Twelve people killed near aid site, hospital says, as Israeli military begins pause in Gaza operations

As the Israeli military begins what calls a tactical pause in operations in three parts of Gaza, a dozen people are reported to have been killed while trying to get food aid from a distribution point in central Gaza.
Al-Awda Hospital said Sunday that it had received 12 bodies, including those of four children and one woman and more than 100 people who had been injured after Israeli forces opened fire near an aid point in the central Gaza Strip operated by the Gaza Humanitarian Foundation (GHF).
It's unclear whether the incident occurred before the tactical pause came into effect at 10am local time, nor whether it was inside the area covered by the pause.
CNN has reached out to the Israeli military for comment.

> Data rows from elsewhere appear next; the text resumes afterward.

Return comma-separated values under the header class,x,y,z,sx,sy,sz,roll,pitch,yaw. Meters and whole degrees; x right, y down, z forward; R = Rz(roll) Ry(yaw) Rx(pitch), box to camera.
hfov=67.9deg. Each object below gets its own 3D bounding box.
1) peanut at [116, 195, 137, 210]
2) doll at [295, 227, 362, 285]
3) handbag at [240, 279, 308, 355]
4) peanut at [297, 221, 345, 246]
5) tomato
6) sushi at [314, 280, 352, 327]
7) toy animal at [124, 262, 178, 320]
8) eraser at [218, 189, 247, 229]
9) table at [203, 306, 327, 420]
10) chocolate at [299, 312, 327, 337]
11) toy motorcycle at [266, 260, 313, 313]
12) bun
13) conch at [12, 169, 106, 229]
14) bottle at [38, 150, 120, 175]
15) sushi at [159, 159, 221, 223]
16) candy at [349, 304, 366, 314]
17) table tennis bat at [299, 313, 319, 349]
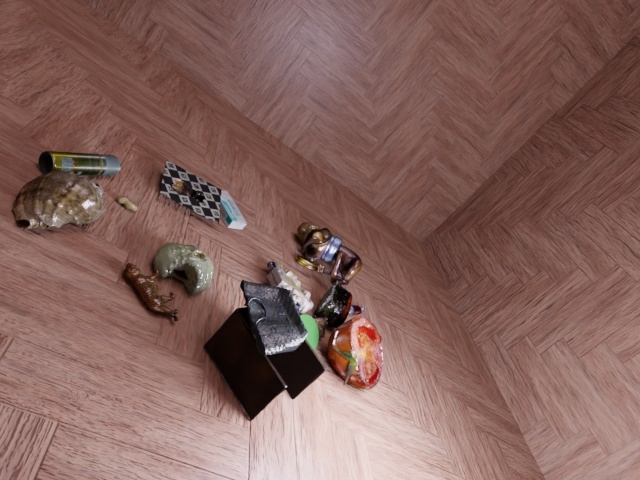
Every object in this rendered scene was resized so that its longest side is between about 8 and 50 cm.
class,x,y,z,sx,sy,sz,roll,pitch,yaw
peanut,-0.717,-0.139,1.762,0.083,0.037,0.037,34,22,-9
doll,0.057,0.090,2.434,0.340,0.209,0.318,38,24,-3
handbag,-0.150,0.236,1.457,0.175,0.088,0.270,13,38,-40
peanut,0.000,0.001,2.602,0.291,0.143,0.159,29,-7,-19
tomato,0.127,0.452,1.929,0.309,0.170,0.309,27,59,-58
sushi,0.060,0.293,2.156,0.126,0.136,0.225,37,29,-8
toy animal,-0.530,0.164,1.496,0.241,0.057,0.099,51,30,17
eraser,-0.437,-0.148,2.236,0.095,0.052,0.225,7,41,-52
table,-0.170,0.372,1.523,0.282,0.196,0.250,52,22,21
chocolate,-0.094,0.339,1.890,0.329,0.065,0.102,16,70,-47
toy motorcycle,-0.122,0.212,2.014,0.223,0.108,0.340,38,11,-34
bun,-0.464,0.084,1.654,0.212,0.126,0.204,16,31,-47
conch,-0.788,-0.137,1.463,0.210,0.159,0.291,43,23,-1
bottle,-0.856,-0.274,1.710,0.082,0.082,0.286,47,22,12
sushi,-0.573,-0.198,2.091,0.290,0.050,0.264,29,32,-32
candy,0.171,0.346,2.366,0.043,0.045,0.175,40,17,31
table tennis bat,-0.089,0.374,1.814,0.257,0.039,0.160,-15,91,-54

There have also been further casualties among people seeking aid in northern Gaza, according to hospital officials.
Eleven bodies have been brought into Al-Shifa hospital since Saturday afternoon from the area used by aid convoys coming in from the Zikim crossing, according to Mohammed Abu Salmiya, the hospital's director.
Abu Salmiya told CNN that 120 injured people had also arrived at the hospital.
The Palestinian Red Crescent said its field hospital in the north had received two bodies and 54 wounded people after 'the targeting of civilians waiting for aid in the Zikim area' in the north-west of Gaza Strip and an airstrike in Gaza City.